_Your task_
Pull each line containing "wire" out of the data and copy it.

[Dataset records]
• • • •

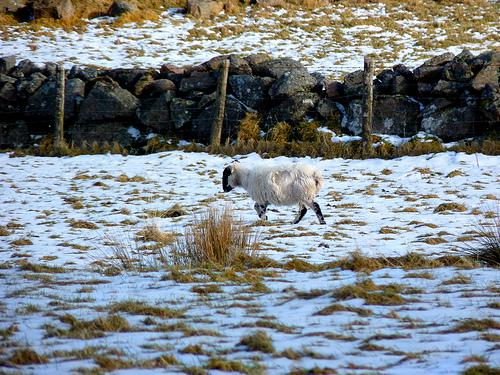Question: what is the goat doing?
Choices:
A. Eating.
B. Laying down.
C. Running.
D. Whining.
Answer with the letter. Answer: C Question: what is on the ground?
Choices:
A. Dirt.
B. Flowers.
C. Snow.
D. Grass.
Answer with the letter. Answer: C Question: why is this wire held up by wood?
Choices:
A. Barbed wire.
B. Telephone wire.
C. Fence.
D. Part of the fence.
Answer with the letter. Answer: C Question: who is in this picture?
Choices:
A. No one.
B. Girlfriend.
C. The dog.
D. A child.
Answer with the letter. Answer: A 
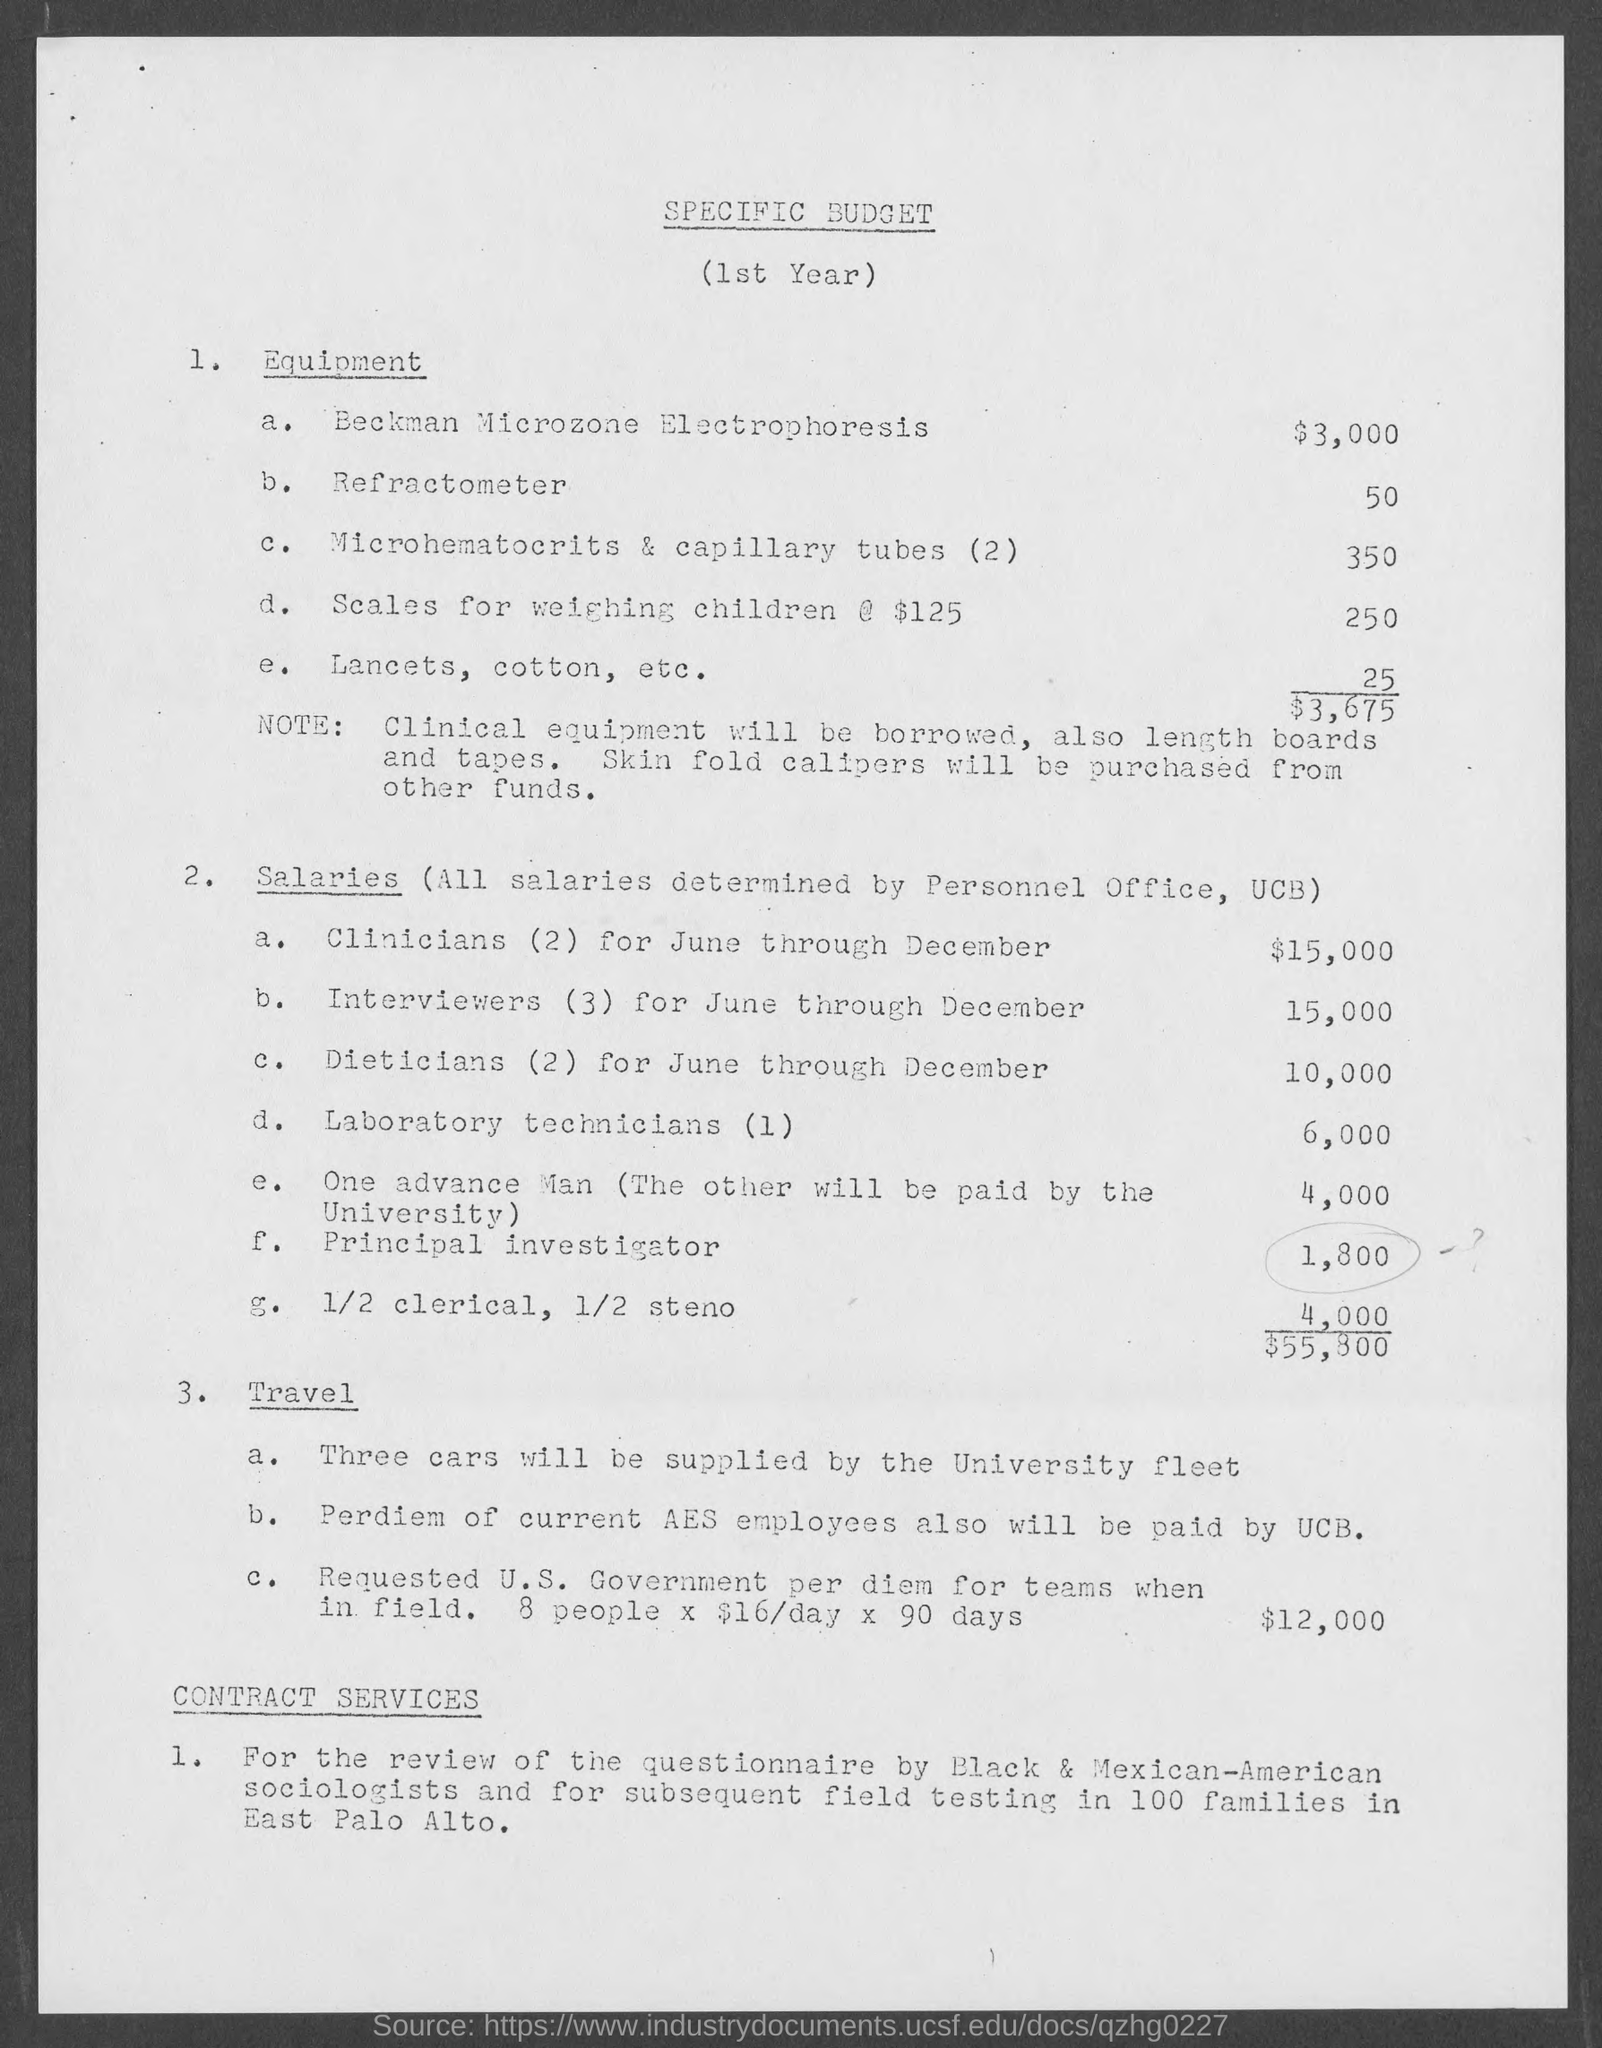Can you describe what is itemized under the salaries section? Certainly! The salaries section outlines payments for various personnel for June through December. It includes $15,000 for two clinicians, the same amount for three interviewers, $10,000 for two dieticians, $6,000 for one laboratory technician, $4,000 for one advance man, $1,800 for a principal investigator, and $4,000 for 1/2 clerical and 1/2 steno, totaling $55,800.

• • • •

_Answer box_
Answer with the letter. Answer: C Question: why is this wire held up by wood?
A. Barbed wire.
B. Telephone wire.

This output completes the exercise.